Data under study:
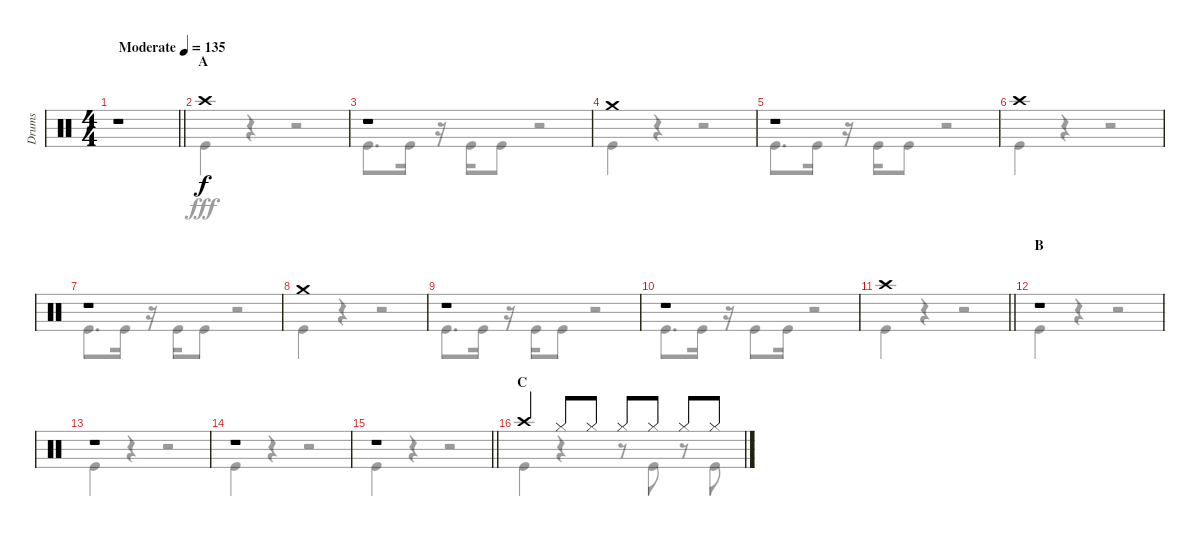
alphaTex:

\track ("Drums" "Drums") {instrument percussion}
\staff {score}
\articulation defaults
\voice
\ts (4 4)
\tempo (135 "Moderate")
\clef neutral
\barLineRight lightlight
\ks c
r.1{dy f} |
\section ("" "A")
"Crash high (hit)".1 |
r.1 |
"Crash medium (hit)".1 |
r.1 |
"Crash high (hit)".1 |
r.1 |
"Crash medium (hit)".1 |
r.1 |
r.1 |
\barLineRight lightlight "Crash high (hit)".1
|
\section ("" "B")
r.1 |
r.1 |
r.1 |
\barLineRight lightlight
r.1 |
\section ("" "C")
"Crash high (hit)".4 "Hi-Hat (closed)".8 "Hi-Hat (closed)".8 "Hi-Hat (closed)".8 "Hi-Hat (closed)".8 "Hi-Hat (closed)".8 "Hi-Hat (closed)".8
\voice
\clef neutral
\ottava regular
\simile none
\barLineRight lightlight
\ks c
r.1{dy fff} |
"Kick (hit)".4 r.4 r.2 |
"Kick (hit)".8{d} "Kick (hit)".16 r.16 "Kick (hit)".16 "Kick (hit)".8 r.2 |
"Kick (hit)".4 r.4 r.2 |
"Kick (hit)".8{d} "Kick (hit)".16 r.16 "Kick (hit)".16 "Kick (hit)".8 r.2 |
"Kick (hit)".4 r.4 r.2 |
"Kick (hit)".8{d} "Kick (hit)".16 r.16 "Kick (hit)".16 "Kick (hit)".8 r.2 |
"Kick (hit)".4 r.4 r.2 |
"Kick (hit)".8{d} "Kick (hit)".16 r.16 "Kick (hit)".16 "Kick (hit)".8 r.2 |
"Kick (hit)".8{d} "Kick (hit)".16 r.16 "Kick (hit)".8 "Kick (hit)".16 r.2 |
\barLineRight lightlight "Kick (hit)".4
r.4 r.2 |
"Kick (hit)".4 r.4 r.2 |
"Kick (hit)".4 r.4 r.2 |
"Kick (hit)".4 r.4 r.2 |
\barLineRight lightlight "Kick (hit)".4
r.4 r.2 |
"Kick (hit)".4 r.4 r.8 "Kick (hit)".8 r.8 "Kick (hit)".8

--

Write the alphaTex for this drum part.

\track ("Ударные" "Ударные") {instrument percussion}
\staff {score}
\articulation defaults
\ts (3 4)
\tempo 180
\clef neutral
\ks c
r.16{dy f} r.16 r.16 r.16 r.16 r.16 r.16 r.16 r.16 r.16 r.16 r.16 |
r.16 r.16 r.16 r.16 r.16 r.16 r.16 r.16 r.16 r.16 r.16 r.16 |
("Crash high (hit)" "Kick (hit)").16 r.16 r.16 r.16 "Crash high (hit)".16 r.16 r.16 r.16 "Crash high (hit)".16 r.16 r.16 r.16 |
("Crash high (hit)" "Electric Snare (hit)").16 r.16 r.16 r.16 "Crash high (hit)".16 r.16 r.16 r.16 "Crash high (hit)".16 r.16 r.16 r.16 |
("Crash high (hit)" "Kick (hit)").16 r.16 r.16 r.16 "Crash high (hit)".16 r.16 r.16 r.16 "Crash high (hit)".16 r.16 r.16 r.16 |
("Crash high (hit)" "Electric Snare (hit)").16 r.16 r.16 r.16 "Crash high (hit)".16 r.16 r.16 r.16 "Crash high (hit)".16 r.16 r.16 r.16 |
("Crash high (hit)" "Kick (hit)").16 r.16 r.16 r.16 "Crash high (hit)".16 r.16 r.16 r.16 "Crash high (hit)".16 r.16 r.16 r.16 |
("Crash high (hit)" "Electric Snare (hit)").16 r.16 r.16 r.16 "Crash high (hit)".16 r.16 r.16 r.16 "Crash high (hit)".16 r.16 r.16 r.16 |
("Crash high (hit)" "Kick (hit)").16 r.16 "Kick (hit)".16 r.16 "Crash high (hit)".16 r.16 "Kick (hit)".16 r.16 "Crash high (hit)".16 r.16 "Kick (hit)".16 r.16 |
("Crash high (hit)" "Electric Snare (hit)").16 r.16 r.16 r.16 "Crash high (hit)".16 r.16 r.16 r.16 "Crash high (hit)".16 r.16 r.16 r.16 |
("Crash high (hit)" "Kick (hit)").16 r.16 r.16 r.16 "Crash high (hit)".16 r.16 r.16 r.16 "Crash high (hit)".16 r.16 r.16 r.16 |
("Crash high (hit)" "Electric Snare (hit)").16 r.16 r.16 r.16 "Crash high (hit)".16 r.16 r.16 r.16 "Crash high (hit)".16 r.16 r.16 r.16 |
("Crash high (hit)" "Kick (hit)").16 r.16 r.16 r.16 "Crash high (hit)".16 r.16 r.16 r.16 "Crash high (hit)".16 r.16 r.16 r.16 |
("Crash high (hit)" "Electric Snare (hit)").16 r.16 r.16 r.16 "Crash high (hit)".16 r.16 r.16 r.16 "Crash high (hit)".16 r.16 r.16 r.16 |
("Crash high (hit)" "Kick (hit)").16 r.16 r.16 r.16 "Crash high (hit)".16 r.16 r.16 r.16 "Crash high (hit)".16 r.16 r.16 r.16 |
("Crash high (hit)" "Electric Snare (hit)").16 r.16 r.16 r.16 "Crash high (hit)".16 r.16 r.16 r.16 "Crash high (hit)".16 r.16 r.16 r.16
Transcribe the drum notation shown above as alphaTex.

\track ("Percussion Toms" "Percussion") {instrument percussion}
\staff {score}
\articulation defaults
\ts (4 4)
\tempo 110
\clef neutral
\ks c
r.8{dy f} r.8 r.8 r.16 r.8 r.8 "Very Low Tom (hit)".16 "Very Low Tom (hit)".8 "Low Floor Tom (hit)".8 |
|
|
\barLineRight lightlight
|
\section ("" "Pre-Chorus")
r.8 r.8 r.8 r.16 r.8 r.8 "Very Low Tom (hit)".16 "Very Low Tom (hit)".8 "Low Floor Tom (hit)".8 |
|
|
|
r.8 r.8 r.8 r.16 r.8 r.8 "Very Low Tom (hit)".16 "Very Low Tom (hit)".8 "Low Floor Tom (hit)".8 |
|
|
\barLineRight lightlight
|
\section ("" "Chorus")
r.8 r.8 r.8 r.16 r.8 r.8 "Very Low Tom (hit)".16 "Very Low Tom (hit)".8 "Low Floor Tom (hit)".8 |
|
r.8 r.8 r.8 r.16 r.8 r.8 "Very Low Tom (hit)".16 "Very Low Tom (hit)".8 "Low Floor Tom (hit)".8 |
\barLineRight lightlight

Assigned task:
Where does the string "track" appear in the records? Copy every line that holds it.

Answer to this task:
\track ("Drums" "Drums") {instrument percussion}
\track ("Ударные" "Ударные") {instrument percussion}
\track ("Percussion Toms" "Percussion") {instrument percussion}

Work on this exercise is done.